Abstract:Motivated by the substantial achievements observed in Large Language Models (LLMs) in the field of natural language processing, recent research has commenced investigations into the application of LLMs for complex, long-horizon sequential task planning challenges in robotics. LLMs are advantageous in offering the potential to enhance the generalizability as task-agnostic planners and facilitate flexible interaction between human instructors and planning systems. However, task plans generated by LLMs often lack feasibility and correctness. To address this challenge, we introduce ISR-LLM, a novel framework that improves LLM-based planning through an iterative self-refinement process. The framework operates through three sequential steps: preprocessing, planning, and iterative self-refinement. During preprocessing, an LLM translator is employed to convert natural language input into a Planning Domain Definition Language (PDDL) formulation.
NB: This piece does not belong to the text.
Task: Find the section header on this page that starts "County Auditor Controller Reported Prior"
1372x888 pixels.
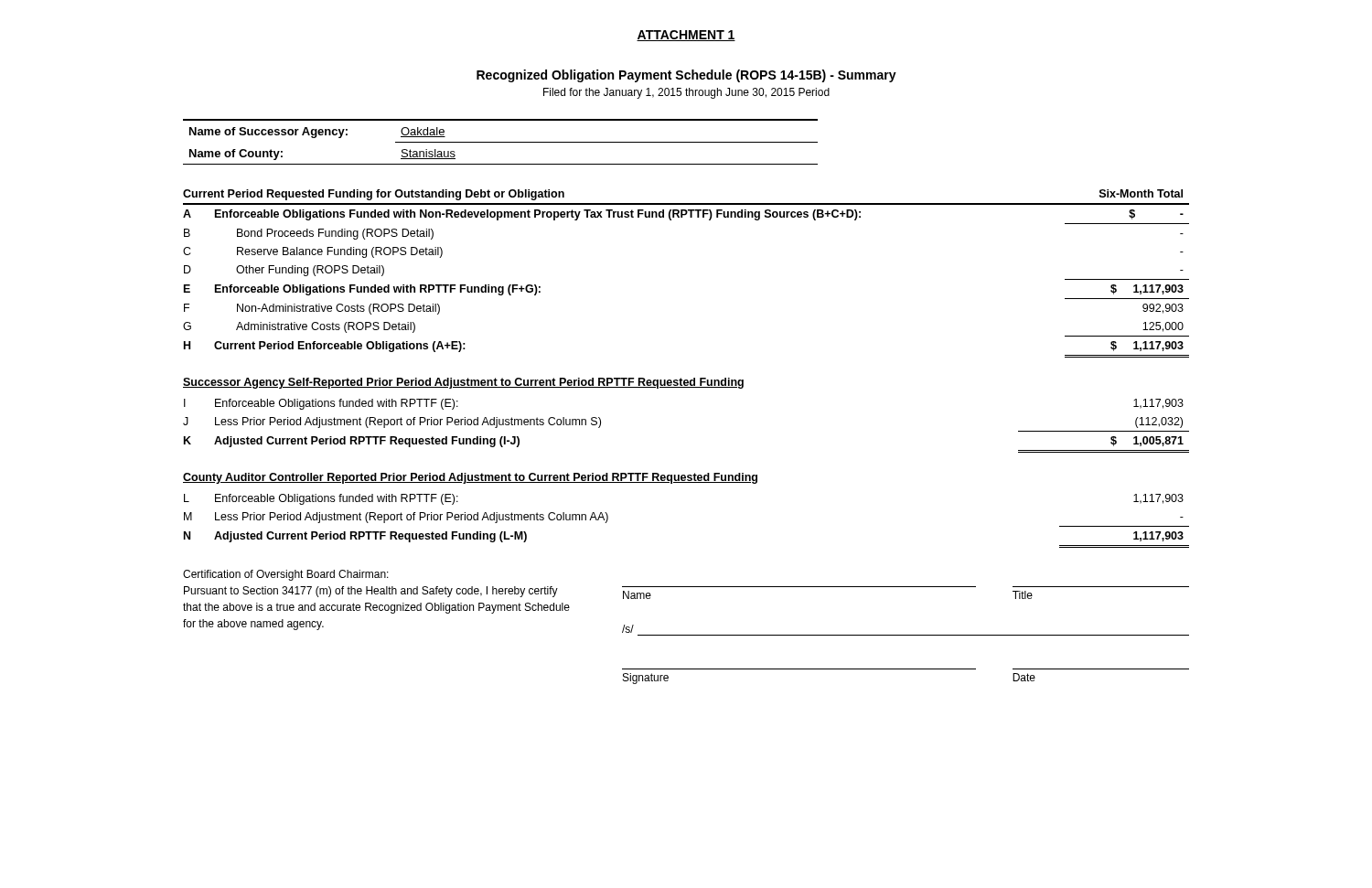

In the planning phase, an LLM planner formulates an initial plan, which is then assessed and refined in the iterative self-refinement step by using a validator. We examine the performance of ISR-LLM across three distinct planning domains. The results show that ISR-LLM is able to achieve markedly higher success rates in task accomplishments compared to state-of-the-art LLM-based planners. Moreover, it also preserves the broad applicability and generalizability of working with natural language instructions.